The results of the ANOVA conducted to quantify the effect of the allelic combinations at the HMW- and LMW-GS loci on gluten quality showed that the portion of the variance for the sedimentation index explained by these combinations was about four times higher in Italian than in Spanish cultivars. These results reveal much larger genetic control on gluten strength in Italian than in Spanish cultivars, probably an outcome of breeding efforts devoted in Italy to pyramid favourable alleles and allelic combinations that enhance gluten quality and its stability.

None of the six most favourable allelic combinations in terms sedimentation index—all resulting in average SDS-sedimentation values >0.50 (Table 6)—was present in either Italian or Spanish old cultivars, whereas they were more frequent in modern (87.5%) than in intermediate (62.5%) sets of germplasm. These results demonstrate that improvements in gluten quality were a consequence of the replacement of alleles and allelic combinations at HMW- and LMW-GS loci, which could also have provided a higher stability for gluten quality in recent cultivars.

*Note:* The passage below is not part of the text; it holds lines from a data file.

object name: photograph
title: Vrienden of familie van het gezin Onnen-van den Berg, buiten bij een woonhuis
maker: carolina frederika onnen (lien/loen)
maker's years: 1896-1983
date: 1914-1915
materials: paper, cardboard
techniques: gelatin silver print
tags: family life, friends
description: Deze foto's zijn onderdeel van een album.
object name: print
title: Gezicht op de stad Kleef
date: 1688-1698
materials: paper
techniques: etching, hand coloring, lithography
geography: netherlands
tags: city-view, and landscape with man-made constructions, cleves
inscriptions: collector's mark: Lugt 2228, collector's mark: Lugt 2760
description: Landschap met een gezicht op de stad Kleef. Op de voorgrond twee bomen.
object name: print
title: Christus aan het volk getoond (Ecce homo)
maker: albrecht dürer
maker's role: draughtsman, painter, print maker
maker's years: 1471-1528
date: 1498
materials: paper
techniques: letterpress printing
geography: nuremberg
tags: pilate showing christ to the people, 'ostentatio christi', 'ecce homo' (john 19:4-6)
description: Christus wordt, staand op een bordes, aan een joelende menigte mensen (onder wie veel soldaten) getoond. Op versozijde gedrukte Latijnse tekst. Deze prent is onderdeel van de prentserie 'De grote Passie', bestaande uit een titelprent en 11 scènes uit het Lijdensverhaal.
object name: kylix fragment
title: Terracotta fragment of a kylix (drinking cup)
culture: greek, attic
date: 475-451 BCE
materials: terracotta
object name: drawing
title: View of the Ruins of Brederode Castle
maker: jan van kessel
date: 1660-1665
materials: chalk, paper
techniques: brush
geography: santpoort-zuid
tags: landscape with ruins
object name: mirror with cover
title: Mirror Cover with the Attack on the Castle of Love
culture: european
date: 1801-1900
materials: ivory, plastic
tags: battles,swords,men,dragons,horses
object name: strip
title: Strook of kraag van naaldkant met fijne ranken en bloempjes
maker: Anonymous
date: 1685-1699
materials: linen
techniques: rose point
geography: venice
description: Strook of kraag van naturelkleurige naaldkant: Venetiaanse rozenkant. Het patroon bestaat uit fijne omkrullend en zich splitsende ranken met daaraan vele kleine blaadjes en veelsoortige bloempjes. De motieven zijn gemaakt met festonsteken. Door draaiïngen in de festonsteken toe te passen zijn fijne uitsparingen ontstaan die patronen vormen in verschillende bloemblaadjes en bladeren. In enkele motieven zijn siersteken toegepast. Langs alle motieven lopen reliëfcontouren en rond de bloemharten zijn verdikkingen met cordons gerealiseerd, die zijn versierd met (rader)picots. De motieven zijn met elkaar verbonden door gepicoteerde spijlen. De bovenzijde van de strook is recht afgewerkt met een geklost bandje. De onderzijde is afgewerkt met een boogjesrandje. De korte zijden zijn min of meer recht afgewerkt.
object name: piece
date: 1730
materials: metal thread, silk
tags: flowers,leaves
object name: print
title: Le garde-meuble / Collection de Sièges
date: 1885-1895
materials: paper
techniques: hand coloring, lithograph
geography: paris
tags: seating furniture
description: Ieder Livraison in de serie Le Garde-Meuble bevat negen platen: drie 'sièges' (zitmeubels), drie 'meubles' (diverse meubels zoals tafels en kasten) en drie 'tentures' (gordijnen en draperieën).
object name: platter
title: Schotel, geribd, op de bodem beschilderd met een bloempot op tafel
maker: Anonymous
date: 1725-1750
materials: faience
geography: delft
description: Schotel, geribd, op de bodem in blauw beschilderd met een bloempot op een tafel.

The results of this study showed the significant improvements achieved in durum wheat quality in Italy and Spain during the 20th Century. Despite the fact that protein content was reduced, protein yield per ha increased very significantly. Yellow colour index and gluten strength also increased significantly. However, no significant changes were observed in test weight and vitreousness. Because the European quality index integrates several criteria, the lack of progress in test weight and vitreousness and the net loss of protein content was more than compensated for with the substantial progress in gluten strength and yellow colour. Breeding activities conducted during the 20th Century in Italy and Spain were successful in improving the traits related to pasta-making quality, as well as obtaining very favourable HMW- and LMW-GS combinations for gluten strength. However, past gluten strength enhancement relied on the use of very few allelic combinations, particularly in the case of Italy, where combination aaa of the LMW-2 model predominated in intermediate and modern Italian cultivars. Although the introgression of this LMW-GS model was useful to release cultivars with enhanced gluten strength, the narrowing of glutenin subunit diversity may constrain future breeding progress, thus making necessary the search for more favourable diversity to allow future quality improvements.